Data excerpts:

- - -

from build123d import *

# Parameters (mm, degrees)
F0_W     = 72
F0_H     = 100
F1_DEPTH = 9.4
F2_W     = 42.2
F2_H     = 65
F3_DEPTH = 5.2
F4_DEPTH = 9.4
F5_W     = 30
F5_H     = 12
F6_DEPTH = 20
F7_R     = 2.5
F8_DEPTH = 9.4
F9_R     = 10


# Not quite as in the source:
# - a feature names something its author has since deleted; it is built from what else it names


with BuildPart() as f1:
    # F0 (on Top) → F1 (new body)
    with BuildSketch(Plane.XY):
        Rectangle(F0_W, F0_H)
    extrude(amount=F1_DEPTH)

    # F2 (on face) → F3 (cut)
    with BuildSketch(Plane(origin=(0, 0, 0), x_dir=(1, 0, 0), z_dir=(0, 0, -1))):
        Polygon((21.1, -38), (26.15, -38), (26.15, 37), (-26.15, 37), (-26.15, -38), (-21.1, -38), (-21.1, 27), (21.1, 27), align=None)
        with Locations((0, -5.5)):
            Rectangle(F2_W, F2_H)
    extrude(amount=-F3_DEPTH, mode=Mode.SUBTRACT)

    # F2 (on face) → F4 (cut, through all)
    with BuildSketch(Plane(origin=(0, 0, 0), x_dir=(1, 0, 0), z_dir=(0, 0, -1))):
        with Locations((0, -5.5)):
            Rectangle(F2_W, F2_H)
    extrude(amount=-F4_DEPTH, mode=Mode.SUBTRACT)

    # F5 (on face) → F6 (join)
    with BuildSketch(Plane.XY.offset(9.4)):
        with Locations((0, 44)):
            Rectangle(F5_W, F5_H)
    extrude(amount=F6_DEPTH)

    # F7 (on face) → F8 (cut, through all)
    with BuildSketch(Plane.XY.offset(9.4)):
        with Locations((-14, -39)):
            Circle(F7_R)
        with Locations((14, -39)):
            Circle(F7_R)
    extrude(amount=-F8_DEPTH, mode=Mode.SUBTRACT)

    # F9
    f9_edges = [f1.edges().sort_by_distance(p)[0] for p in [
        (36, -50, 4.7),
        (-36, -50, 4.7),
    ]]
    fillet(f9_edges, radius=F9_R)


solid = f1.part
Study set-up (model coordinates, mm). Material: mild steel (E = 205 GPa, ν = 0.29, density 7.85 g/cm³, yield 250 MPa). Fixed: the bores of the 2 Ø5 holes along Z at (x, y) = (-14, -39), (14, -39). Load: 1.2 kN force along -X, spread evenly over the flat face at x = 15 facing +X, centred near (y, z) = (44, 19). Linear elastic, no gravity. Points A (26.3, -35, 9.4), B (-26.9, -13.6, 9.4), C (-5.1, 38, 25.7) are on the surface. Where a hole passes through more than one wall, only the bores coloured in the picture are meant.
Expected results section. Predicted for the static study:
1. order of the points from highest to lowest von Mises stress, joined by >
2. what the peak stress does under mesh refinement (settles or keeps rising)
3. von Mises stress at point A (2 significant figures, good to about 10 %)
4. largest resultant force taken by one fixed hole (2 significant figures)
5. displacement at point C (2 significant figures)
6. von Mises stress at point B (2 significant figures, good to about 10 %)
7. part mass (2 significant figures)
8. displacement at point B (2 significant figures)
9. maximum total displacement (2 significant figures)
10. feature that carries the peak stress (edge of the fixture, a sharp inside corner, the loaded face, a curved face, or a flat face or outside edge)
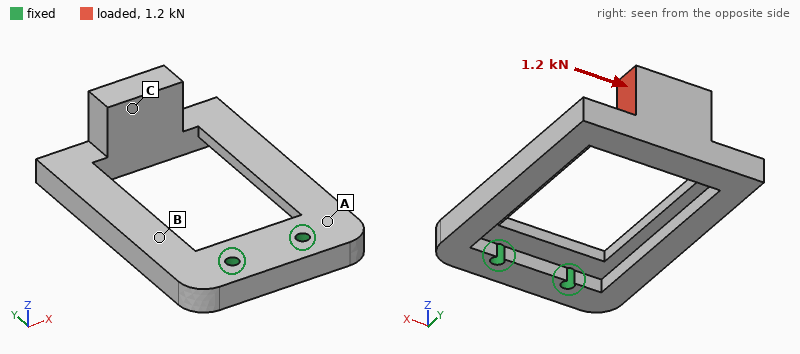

- - -

Every word of the data should be reproduced exactly; please omit any pictures.

**Response**.
from build123d import *

# Parameters (mm, degrees)
F0_W     = 72
F0_H     = 100
F1_DEPTH = 9.4
F2_W     = 42.2
F2_H     = 65
F3_DEPTH = 5.2
F4_DEPTH = 9.4
F5_W     = 30
F5_H     = 12
F6_DEPTH = 20
F7_R     = 2.5
F8_DEPTH = 9.4
F9_R     = 10


# Not quite as in the source:
# - a feature names something its author has since deleted; it is built from what else it names


with BuildPart() as f1:
    # F0 (on Top) → F1 (new body)
    with BuildSketch(Plane.XY):
        Rectangle(F0_W, F0_H)
    extrude(amount=F1_DEPTH)

    # F2 (on face) → F3 (cut)
    with BuildSketch(Plane(origin=(0, 0, 0), x_dir=(1, 0, 0), z_dir=(0, 0, -1))):
        Polygon((21.1, -38), (26.15, -38), (26.15, 37), (-26.15, 37), (-26.15, -38), (-21.1, -38), (-21.1, 27), (21.1, 27), align=None)
        with Locations((0, -5.5)):
            Rectangle(F2_W, F2_H)
    extrude(amount=-F3_DEPTH, mode=Mode.SUBTRACT)

    # F2 (on face) → F4 (cut, through all)
    with BuildSketch(Plane(origin=(0, 0, 0), x_dir=(1, 0, 0), z_dir=(0, 0, -1))):
        with Locations((0, -5.5)):
            Rectangle(F2_W, F2_H)
    extrude(amount=-F4_DEPTH, mode=Mode.SUBTRACT)

    # F5 (on face) → F6 (join)
    with BuildSketch(Plane.XY.offset(9.4)):
        with Locations((0, 44)):
            Rectangle(F5_W, F5_H)
    extrude(amount=F6_DEPTH)

    # F7 (on face) → F8 (cut, through all)
    with BuildSketch(Plane.XY.offset(9.4)):
        with Locations((-14, -39)):
            Circle(F7_R)
        with Locations((14, -39)):
            Circle(F7_R)
    extrude(amount=-F8_DEPTH, mode=Mode.SUBTRACT)

    # F9
    f9_edges = [f1.edges().sort_by_distance(p)[0] for p in [
        (36, -50, 4.7),
        (-36, -50, 4.7),
    ]]
    fillet(f9_edges, radius=F9_R)


solid = f1.part
Study set-up (model coordinates, mm). Material: mild steel (E = 205 GPa, ν = 0.29, density 7.85 g/cm³, yield 250 MPa). Fixed: the bores of the 2 Ø5 holes along Z at (x, y) = (-14, -39), (14, -39). Load: 1.2 kN force along -X, spread evenly over the flat face at x = 15 facing +X, centred near (y, z) = (44, 19). Linear elastic, no gravity. Points A (26.3, -35, 9.4), B (-26.9, -13.6, 9.4), C (-5.1, 38, 25.7) are on the surface. Where a hole passes through more than one wall, only the bores coloured in the picture are meant.
Expected results section. Predicted for the static study:
1. order of the points from highest to lowest von Mises stress, joined by >
2. what the peak stress does under mesh refinement (settles or keeps rising)
3. von Mises stress at point A (2 significant figures, good to about 10 %)
4. largest resultant force taken by one fixed hole (2 significant figures)
5. displacement at point C (2 significant figures)
6. von Mises stress at point B (2 significant figures, good to about 10 %)
7. part mass (2 significant figures)
8. displacement at point B (2 significant figures)
9. maximum total displacement (2 significant figures)
10. feature that carries the peak stress (edge of the fixture, a sharp inside corner, the loaded face, a curved face, or a flat face or outside edge)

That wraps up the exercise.